[Records from a dataset]
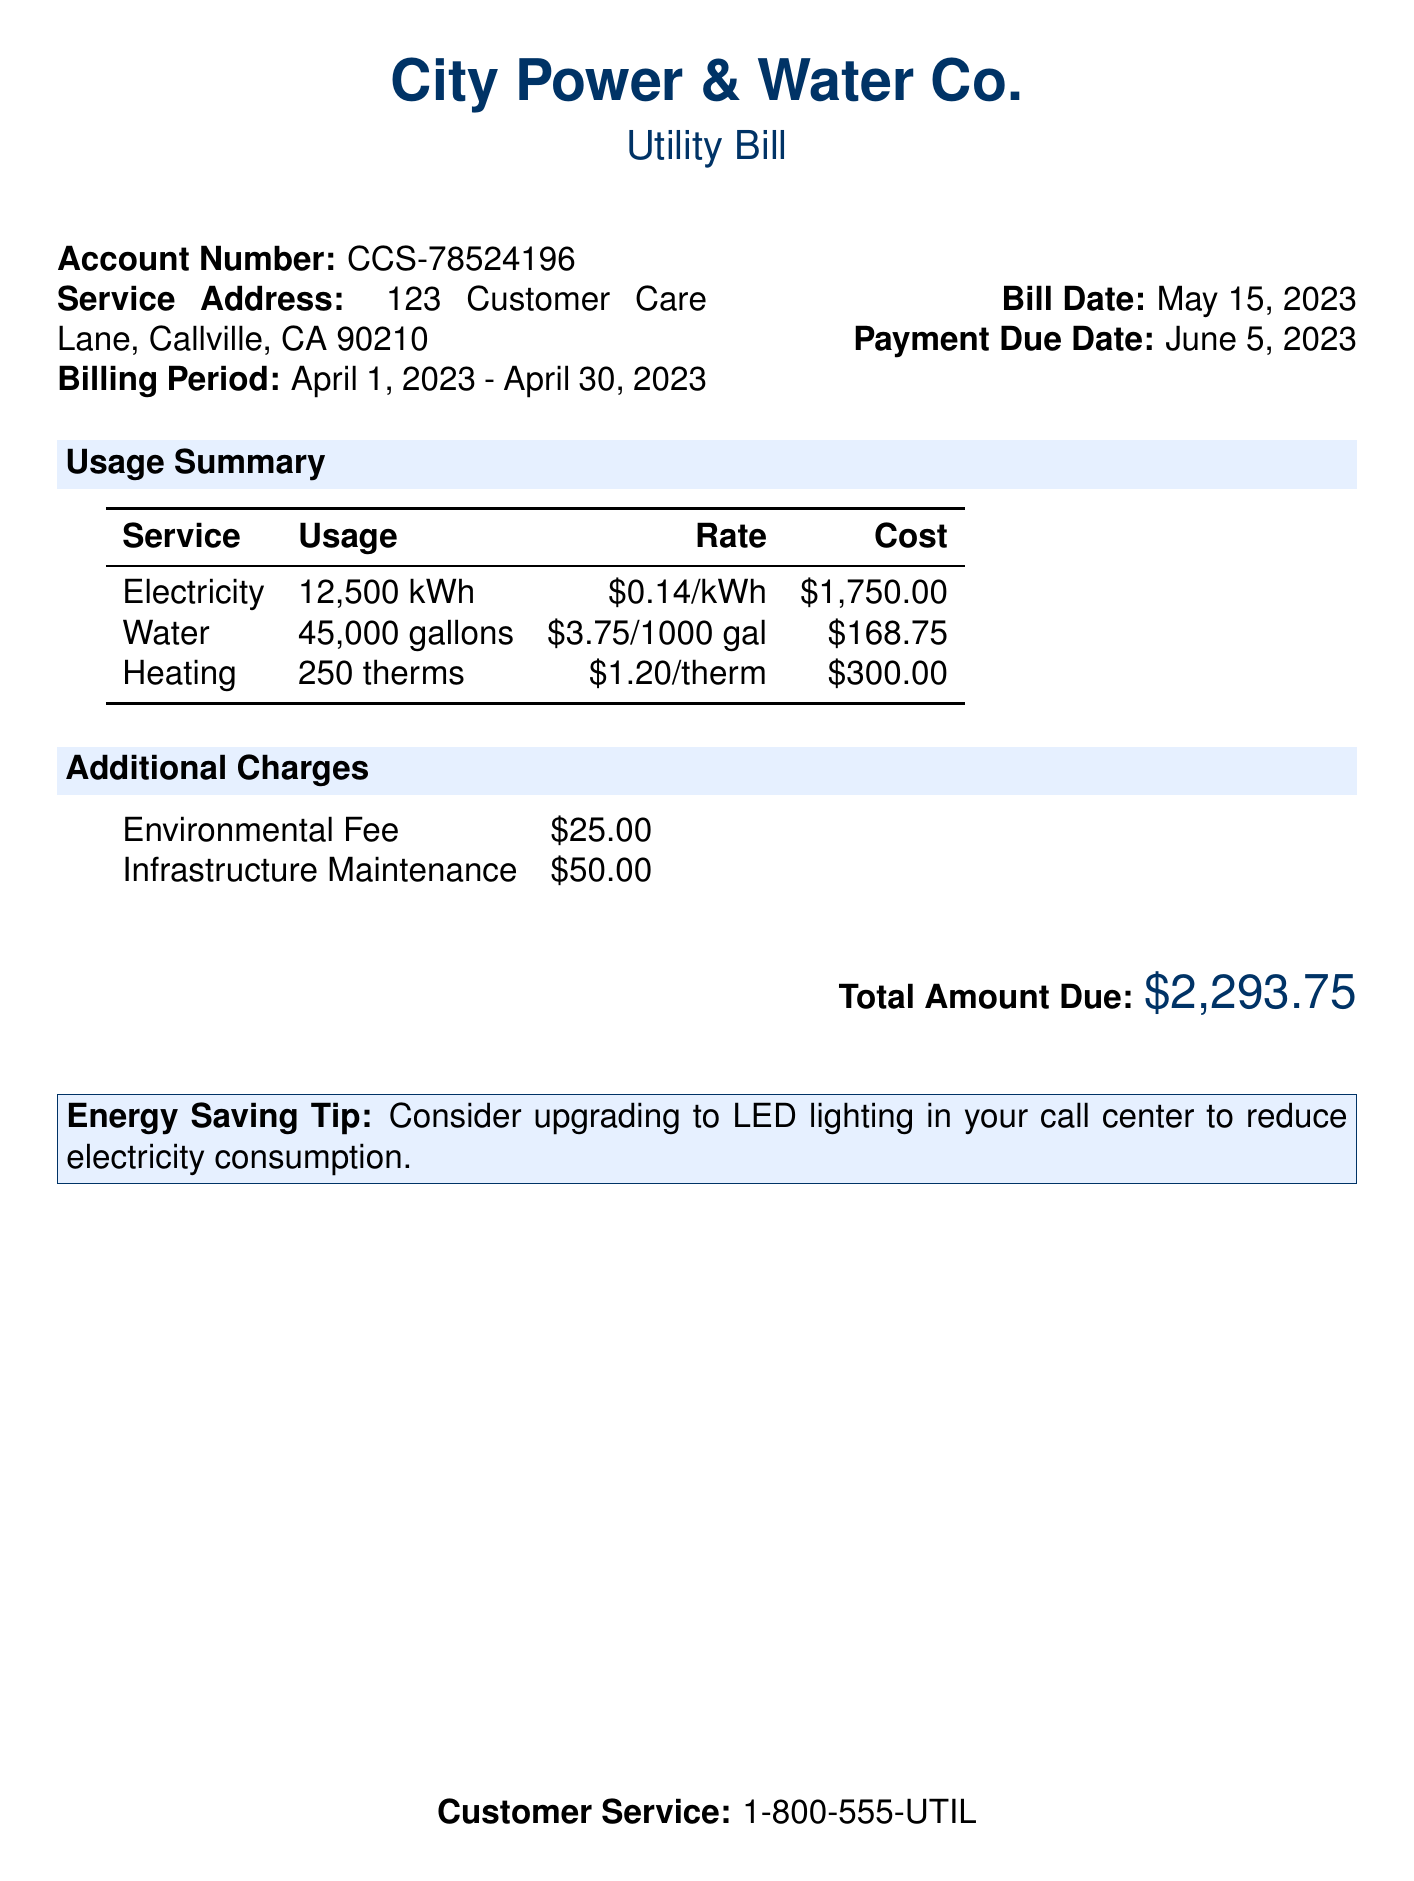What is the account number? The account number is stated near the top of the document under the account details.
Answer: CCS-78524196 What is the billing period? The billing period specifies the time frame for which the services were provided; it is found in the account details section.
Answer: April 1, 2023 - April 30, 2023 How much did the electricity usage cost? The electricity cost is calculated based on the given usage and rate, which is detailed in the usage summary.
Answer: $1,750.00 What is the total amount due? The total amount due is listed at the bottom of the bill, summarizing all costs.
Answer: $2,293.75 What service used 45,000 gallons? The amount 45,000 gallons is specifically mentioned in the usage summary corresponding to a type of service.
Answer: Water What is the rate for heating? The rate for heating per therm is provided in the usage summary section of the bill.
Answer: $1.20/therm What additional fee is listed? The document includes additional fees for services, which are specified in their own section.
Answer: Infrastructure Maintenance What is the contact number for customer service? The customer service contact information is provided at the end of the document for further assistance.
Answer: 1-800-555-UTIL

> [Work to complete]:
In the entries above, find the line with "Answer: $2,293.75 What" and the line with "Answer: $1.20/therm What", then restate word for word both of them and every line between, with nothing more.

> [Answer to this task]:
Answer: $2,293.75 What service used 45,000 gallons? The amount 45,000 gallons is specifically mentioned in the usage summary corresponding to a type of service.
Answer: Water What is the rate for heating? The rate for heating per therm is provided in the usage summary section of the bill.
Answer: $1.20/therm What additional fee is listed? The document includes additional fees for services, which are specified in their own section.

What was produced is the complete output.